> [WORK TO COMPLETE]: Output the data below exactly as it is, dropping the pictures from your copy.

(Source records)
########################################

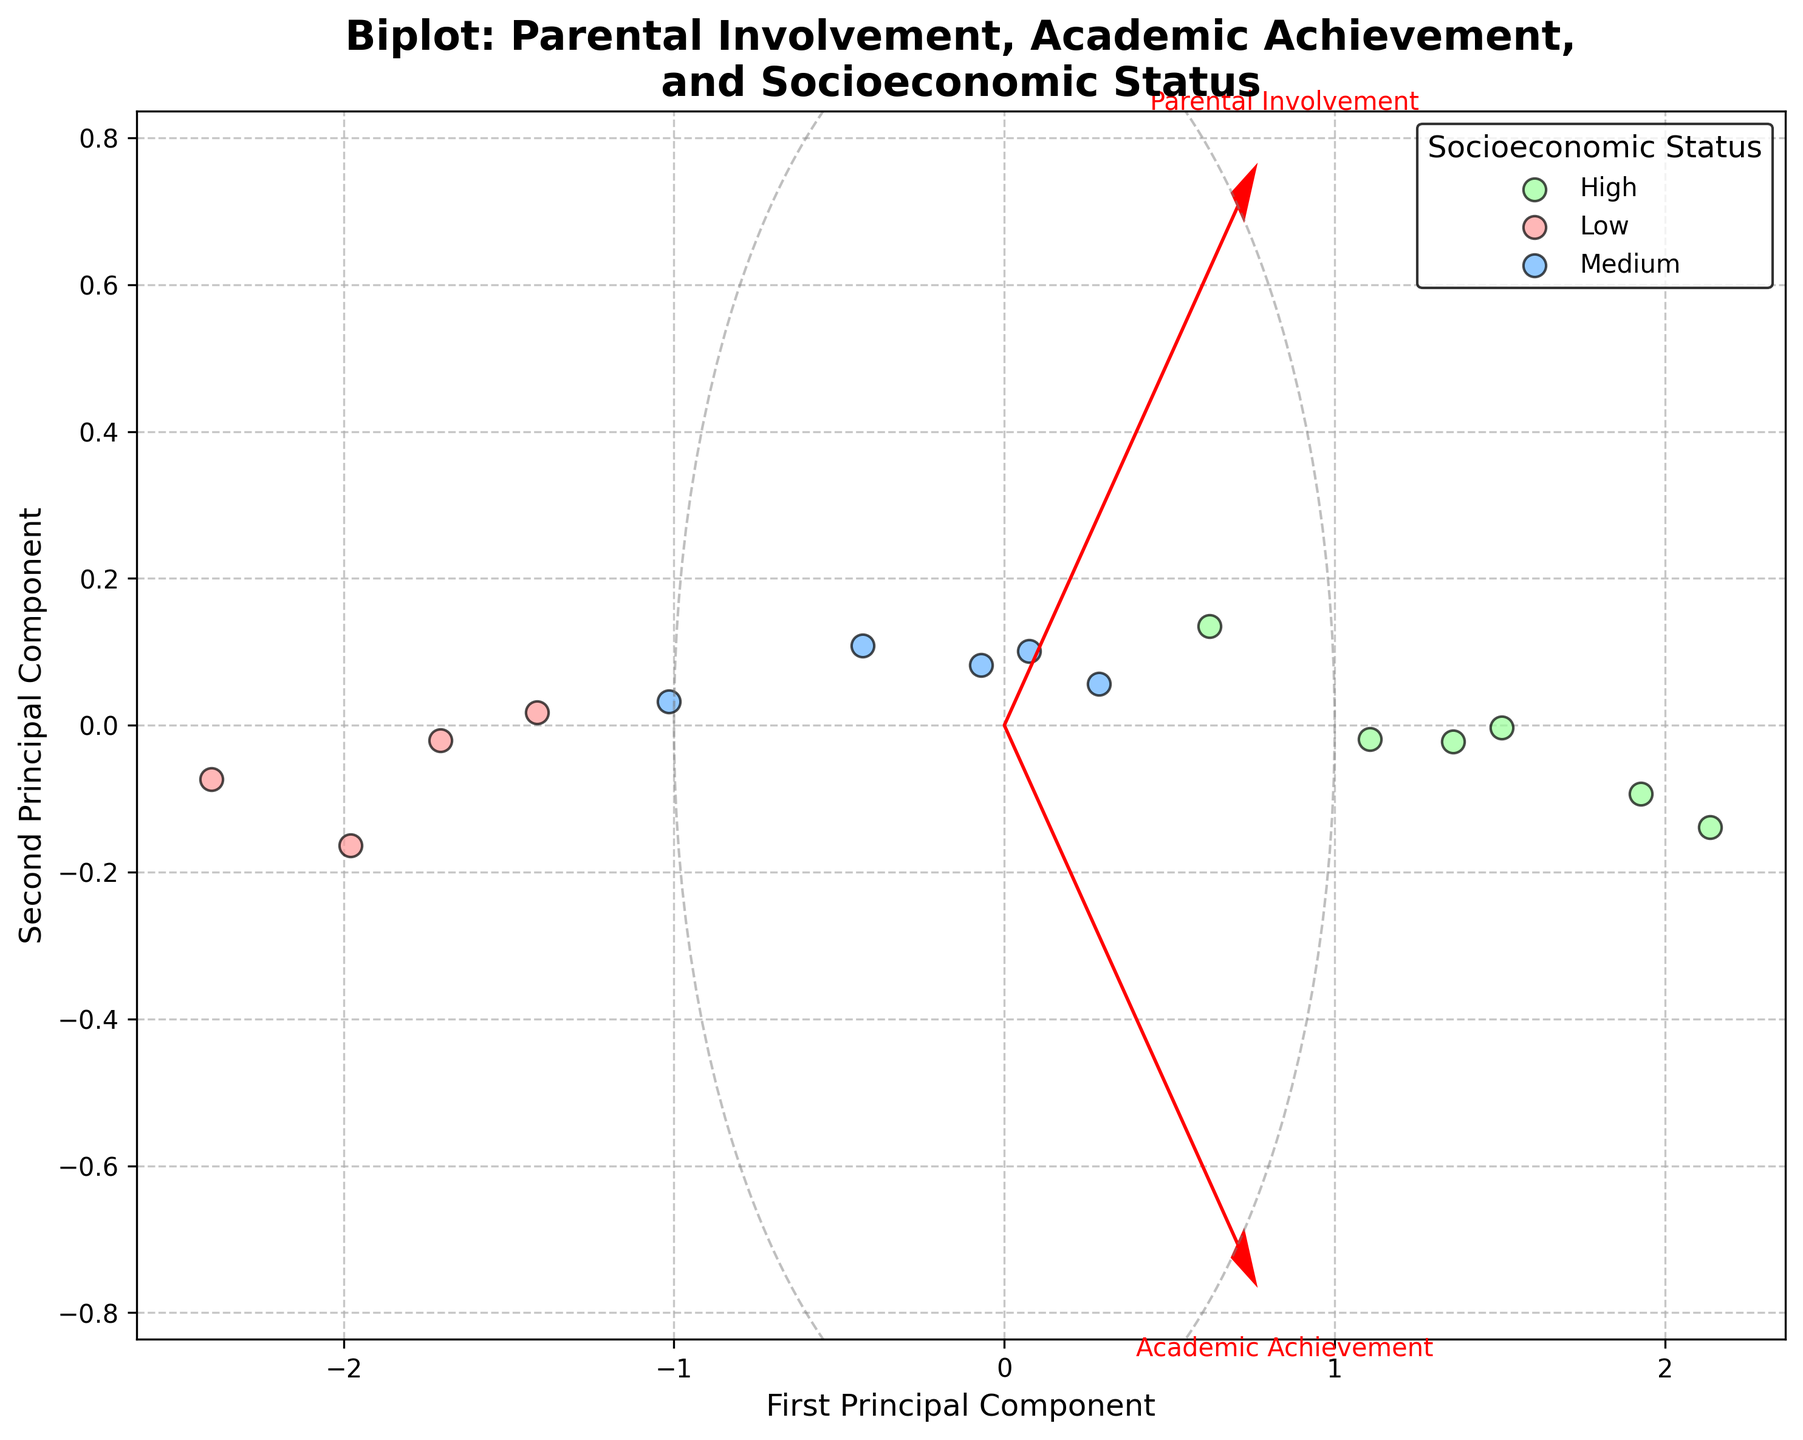How many categories of socioeconomic status are represented in the plot? The plot shows three different colors representing categories of socioeconomic status: Low, Medium, and High.
Answer: 3 What do the arrows represent in the biplot? The arrows indicate the direction and magnitude of the original variables (Parental Involvement and Academic Achievement) in the PCA-transformed space.
Answer: Original variables Which socioeconomic status has data points with the highest spread along the first principal component? By observing the scatter points along the first principal component (horizontal axis), the High socioeconomic status appears to have the widest spread.
Answer: High What is the title of the biplot? The title is clearly stated at the top of the plot. It reads "Biplot: Parental Involvement, Academic Achievement, and Socioeconomic Status."
Answer: Biplot: Parental Involvement, Academic Achievement, and Socioeconomic Status How is the second principal component represented in the plot? The second principal component is represented along the vertical axis of the plot.
Answer: Vertical axis In which principal component do you see greater variation for the 'Medium' socioeconomic status group? Observe the spread of the 'Medium' group's (blue points) along both principal components. The variation seems more pronounced along the first principal component (horizontal axis) than the second.
Answer: First principal component Which feature has a greater association with the first principal component? By looking at the length of the arrow projections on the first principal component, Parental Involvement shows a greater association as its arrow is more aligned with the horizontal axis.
Answer: Parental Involvement Does the 'Low' socioeconomic group generally show higher or lower academic achievement compared to 'High' socioeconomic group? The scatter points for 'Low' socioeconomic group are generally located closer to the lower end of the Academic Achievement arrow, indicating lower academic achievement compared to the 'High' group.
Answer: Lower Which socioeconomic status group shows points closest to the origin of the biplot? Observing the scatter, the 'Medium' (blue points) socioeconomic status group appears to have points closest to the center (origin) of the biplot.
Answer: Medium Are the variables 'Parental Involvement' and 'Academic Achievement' positively or negatively correlated? The arrows for 'Parental Involvement' and 'Academic Achievement' are pointing roughly in the same direction, indicating a positive correlation.
Answer: Positively correlated 
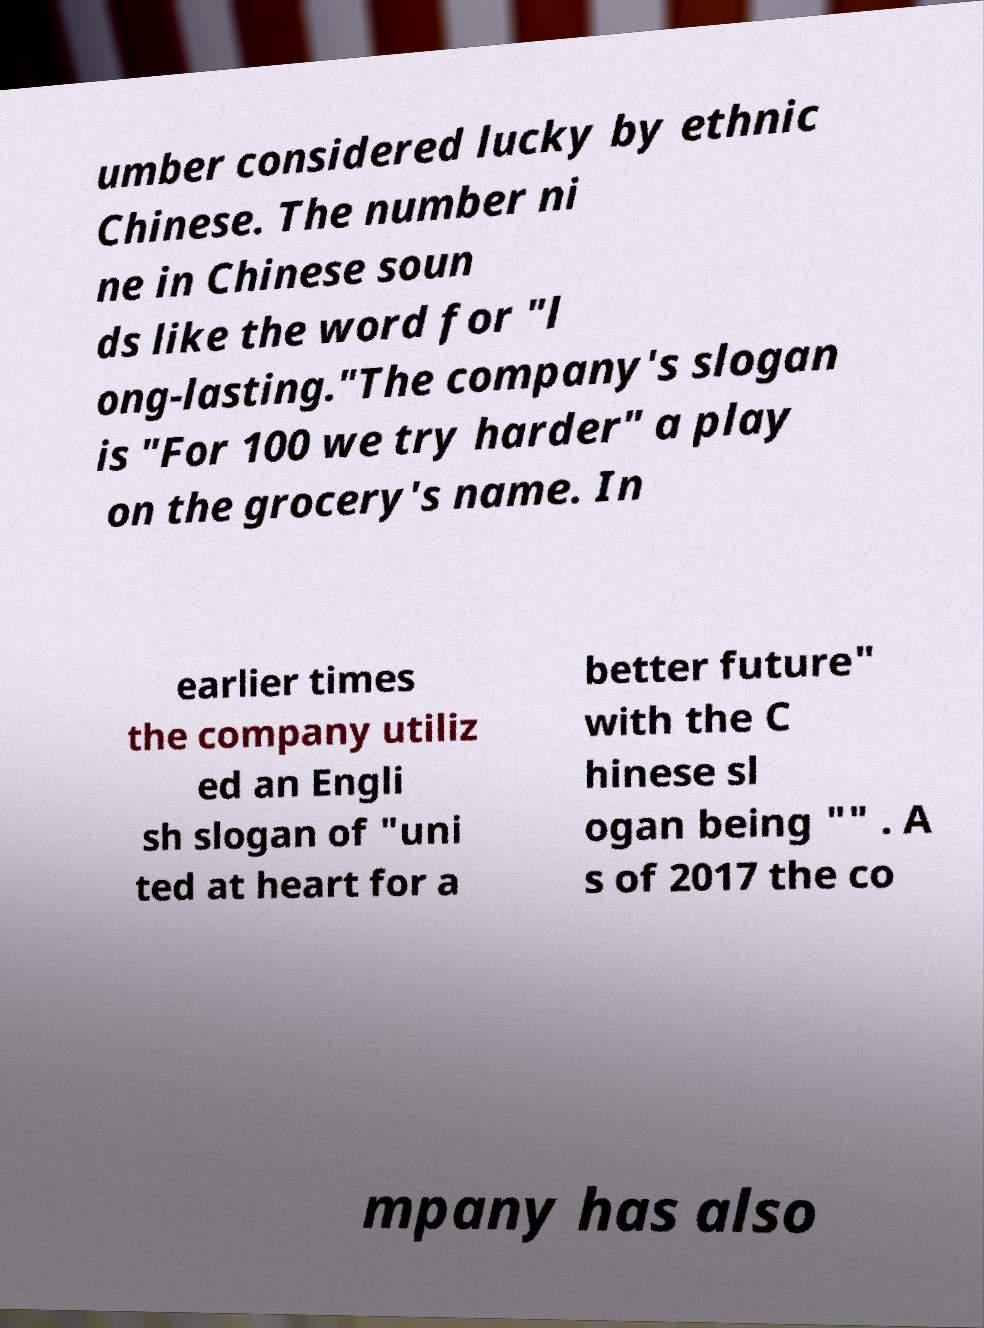Can you accurately transcribe the text from the provided image for me? umber considered lucky by ethnic Chinese. The number ni ne in Chinese soun ds like the word for "l ong-lasting."The company's slogan is "For 100 we try harder" a play on the grocery's name. In earlier times the company utiliz ed an Engli sh slogan of "uni ted at heart for a better future" with the C hinese sl ogan being "" . A s of 2017 the co mpany has also 
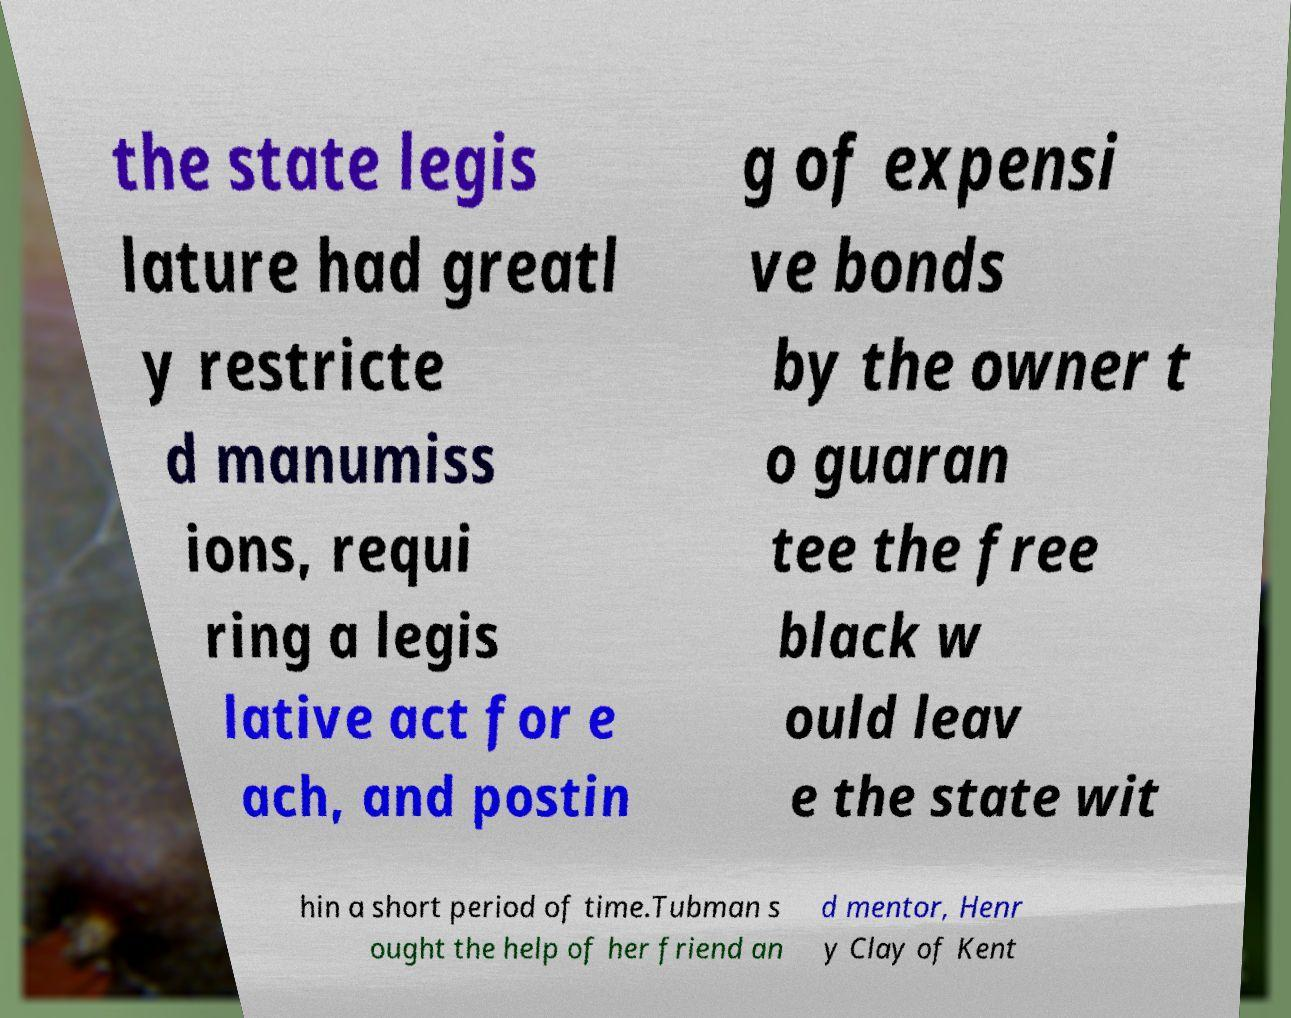Could you extract and type out the text from this image? the state legis lature had greatl y restricte d manumiss ions, requi ring a legis lative act for e ach, and postin g of expensi ve bonds by the owner t o guaran tee the free black w ould leav e the state wit hin a short period of time.Tubman s ought the help of her friend an d mentor, Henr y Clay of Kent 
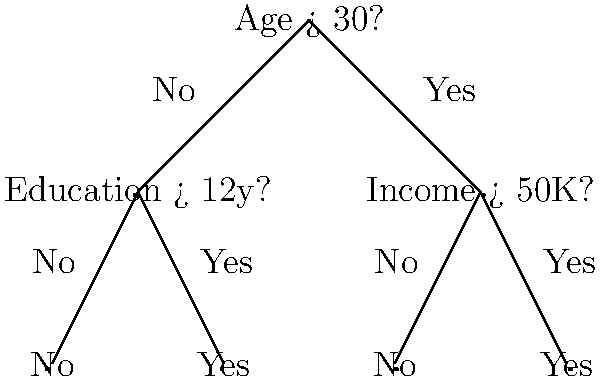Based on the decision tree diagram, what is the predicted outcome for a 35-year-old individual with 14 years of education and an annual income of $45,000? Let's traverse the decision tree step-by-step to determine the prediction:

1. The root node asks: "Age > 30?"
   Our individual is 35 years old, so the answer is Yes.
   We follow the "Yes" branch to the right.

2. The next node asks: "Income > 50K?"
   Our individual has an income of $45,000, which is less than $50,000.
   So the answer is No.
   We follow the "No" branch to the left.

3. We reach a leaf node labeled "No".

This leaf node represents the final prediction for our individual.
Answer: No 
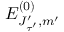Convert formula to latex. <formula><loc_0><loc_0><loc_500><loc_500>E _ { J _ { \tau ^ { \prime } } ^ { \prime } , m ^ { \prime } } ^ { ( 0 ) }</formula>

########################################

> [TASK RESPONSE]:
How many categories of socioeconomic status are represented in the plot? The plot shows three different colors representing categories of socioeconomic status: Low, Medium, and High.
Answer: 3 What do the arrows represent in the biplot? The arrows indicate the direction and magnitude of the original variables (Parental Involvement and Academic Achievement) in the PCA-transformed space.
Answer: Original variables Which socioeconomic status has data points with the highest spread along the first principal component? By observing the scatter points along the first principal component (horizontal axis), the High socioeconomic status appears to have the widest spread.
Answer: High What is the title of the biplot? The title is clearly stated at the top of the plot. It reads "Biplot: Parental Involvement, Academic Achievement, and Socioeconomic Status."
Answer: Biplot: Parental Involvement, Academic Achievement, and Socioeconomic Status How is the second principal component represented in the plot? The second principal component is represented along the vertical axis of the plot.
Answer: Vertical axis In which principal component do you see greater variation for the 'Medium' socioeconomic status group? Observe the spread of the 'Medium' group's (blue points) along both principal components. The variation seems more pronounced along the first principal component (horizontal axis) than the second.
Answer: First principal component Which feature has a greater association with the first principal component? By looking at the length of the arrow projections on the first principal component, Parental Involvement shows a greater association as its arrow is more aligned with the horizontal axis.
Answer: Parental Involvement Does the 'Low' socioeconomic group generally show higher or lower academic achievement compared to 'High' socioeconomic group? The scatter points for 'Low' socioeconomic group are generally located closer to the lower end of the Academic Achievement arrow, indicating lower academic achievement compared to the 'High' group.
Answer: Lower Which socioeconomic status group shows points closest to the origin of the biplot? Observing the scatter, the 'Medium' (blue points) socioeconomic status group appears to have points closest to the center (origin) of the biplot.
Answer: Medium Are the variables 'Parental Involvement' and 'Academic Achievement' positively or negatively correlated? The arrows for 'Parental Involvement' and 'Academic Achievement' are pointing roughly in the same direction, indicating a positive correlation.
Answer: Positively correlated 
Can you accurately transcribe the text from the provided image for me? umber considered lucky by ethnic Chinese. The number ni ne in Chinese soun ds like the word for "l ong-lasting."The company's slogan is "For 100 we try harder" a play on the grocery's name. In earlier times the company utiliz ed an Engli sh slogan of "uni ted at heart for a better future" with the C hinese sl ogan being "" . A s of 2017 the co mpany has also 
Could you extract and type out the text from this image? the state legis lature had greatl y restricte d manumiss ions, requi ring a legis lative act for e ach, and postin g of expensi ve bonds by the owner t o guaran tee the free black w ould leav e the state wit hin a short period of time.Tubman s ought the help of her friend an d mentor, Henr y Clay of Kent 
Based on the decision tree diagram, what is the predicted outcome for a 35-year-old individual with 14 years of education and an annual income of $45,000? Let's traverse the decision tree step-by-step to determine the prediction:

1. The root node asks: "Age > 30?"
   Our individual is 35 years old, so the answer is Yes.
   We follow the "Yes" branch to the right.

2. The next node asks: "Income > 50K?"
   Our individual has an income of $45,000, which is less than $50,000.
   So the answer is No.
   We follow the "No" branch to the left.

3. We reach a leaf node labeled "No".

This leaf node represents the final prediction for our individual.
Answer: No 
Convert formula to latex. <formula><loc_0><loc_0><loc_500><loc_500>E _ { J _ { \tau ^ { \prime } } ^ { \prime } , m ^ { \prime } } ^ { ( 0 ) }</formula>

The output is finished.